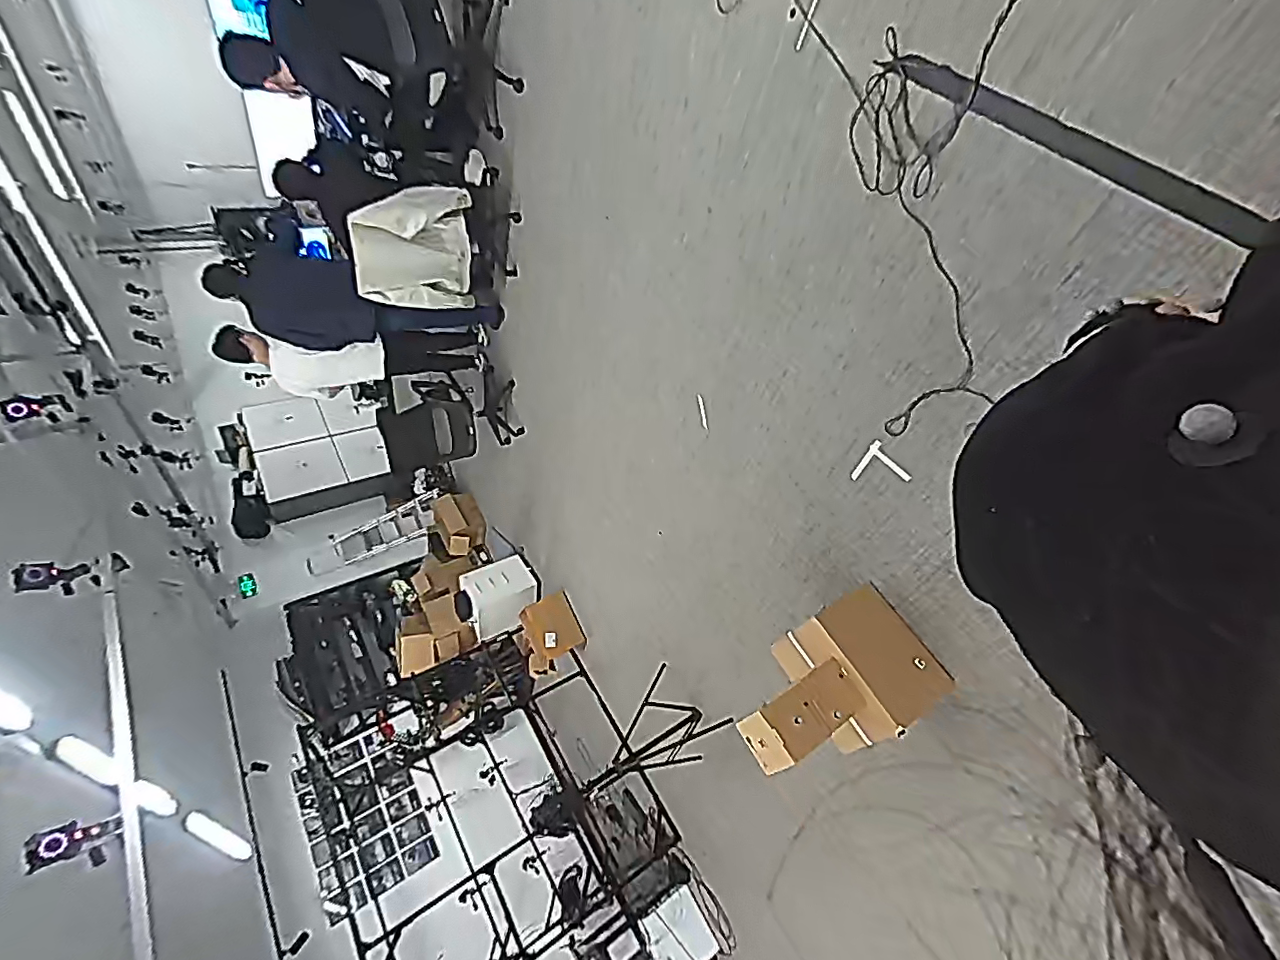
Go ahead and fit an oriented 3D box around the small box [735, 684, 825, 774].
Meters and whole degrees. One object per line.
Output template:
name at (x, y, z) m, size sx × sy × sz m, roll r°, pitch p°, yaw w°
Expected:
small box at (0.423, 0.739, 1.615) m, size 0.168 × 0.176 × 0.179 m, roll 56°, pitch 145°, yaw 23°
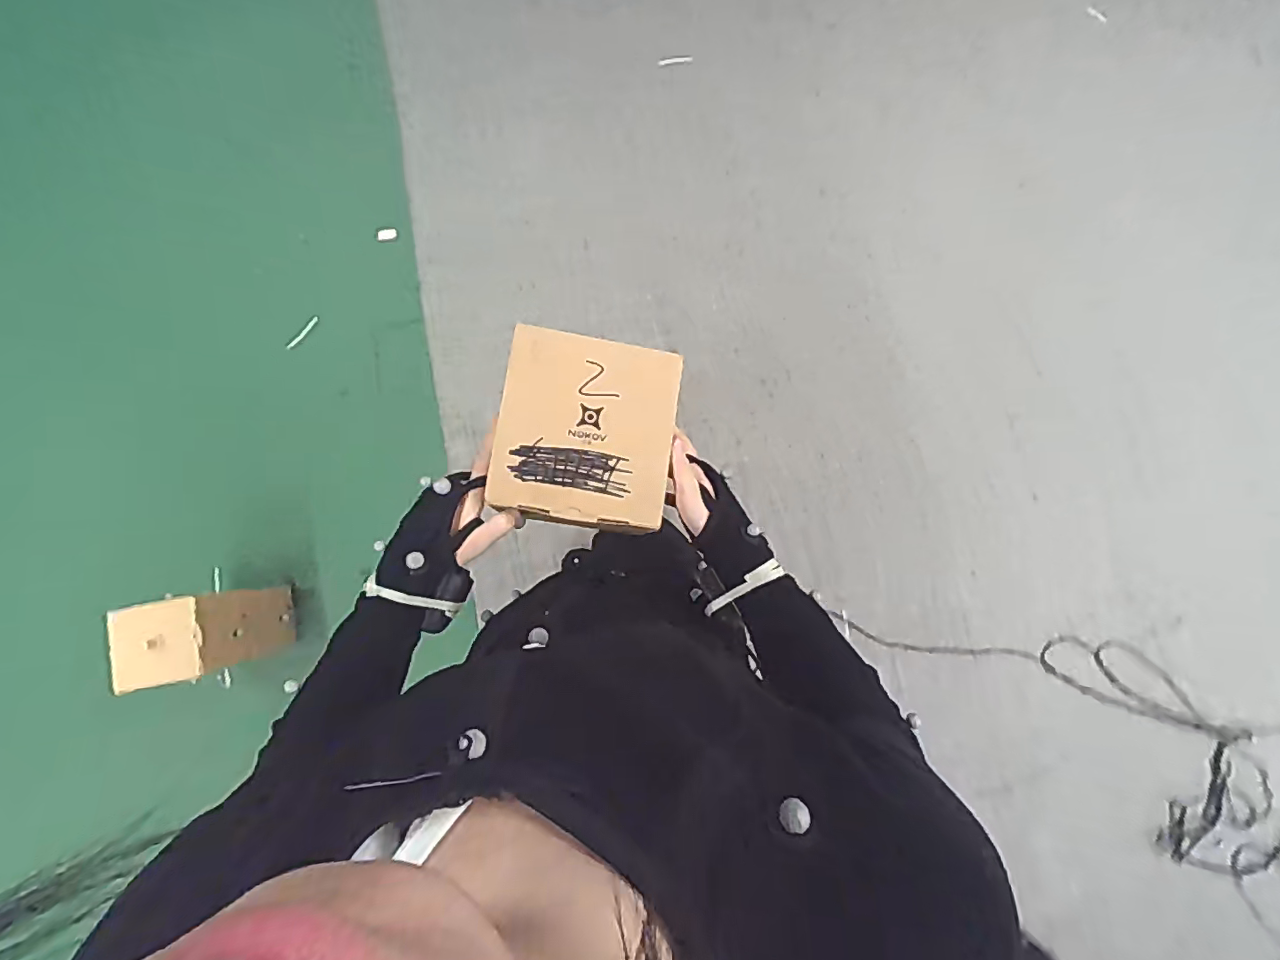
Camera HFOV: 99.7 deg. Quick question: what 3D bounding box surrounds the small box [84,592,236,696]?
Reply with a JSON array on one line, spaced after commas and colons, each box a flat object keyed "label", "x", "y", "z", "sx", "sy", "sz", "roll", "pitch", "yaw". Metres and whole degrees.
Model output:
[{"label": "small box", "x": -1.011, "y": 0.341, "z": 1.150, "sx": 0.179, "sy": 0.176, "sz": 0.168, "roll": -11, "pitch": 84, "yaw": -5}]

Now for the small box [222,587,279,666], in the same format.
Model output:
[{"label": "small box", "x": -1.020, "y": 0.360, "z": 1.311, "sx": 0.179, "sy": 0.176, "sz": 0.168, "roll": -10, "pitch": 85, "yaw": -5}]
◇ ◇ ◇ ◇ ◇
→ ABOUT THIS TASK: The answer must be the whole listing, word for word, with no pictures in it. Please write it out.

→ EXERCISE RESULT:
Go ahead and fit an oriented 3D box around the small box [735, 684, 825, 774].
Meters and whole degrees. One object per line.
Output template:
name at (x, y, z) m, size sx × sy × sz m, roll r°, pitch p°, yaw w°
Expected:
small box at (0.423, 0.739, 1.615) m, size 0.168 × 0.176 × 0.179 m, roll 56°, pitch 145°, yaw 23°
Camera HFOV: 99.7 deg. Quick question: what 3D bounding box surrounds the small box [84,592,236,696]?
Reply with a JSON array on one line, spaced after commas and colons, each box a flat object keyed "label", "x", "y", "z", "sx", "sy", "sz", "roll", "pitch", "yaw". Metres and whole degrees.
Model output:
[{"label": "small box", "x": -1.011, "y": 0.341, "z": 1.150, "sx": 0.179, "sy": 0.176, "sz": 0.168, "roll": -11, "pitch": 84, "yaw": -5}]

Now for the small box [222,587,279,666], in the same format.
Model output:
[{"label": "small box", "x": -1.020, "y": 0.360, "z": 1.311, "sx": 0.179, "sy": 0.176, "sz": 0.168, "roll": -10, "pitch": 85, "yaw": -5}]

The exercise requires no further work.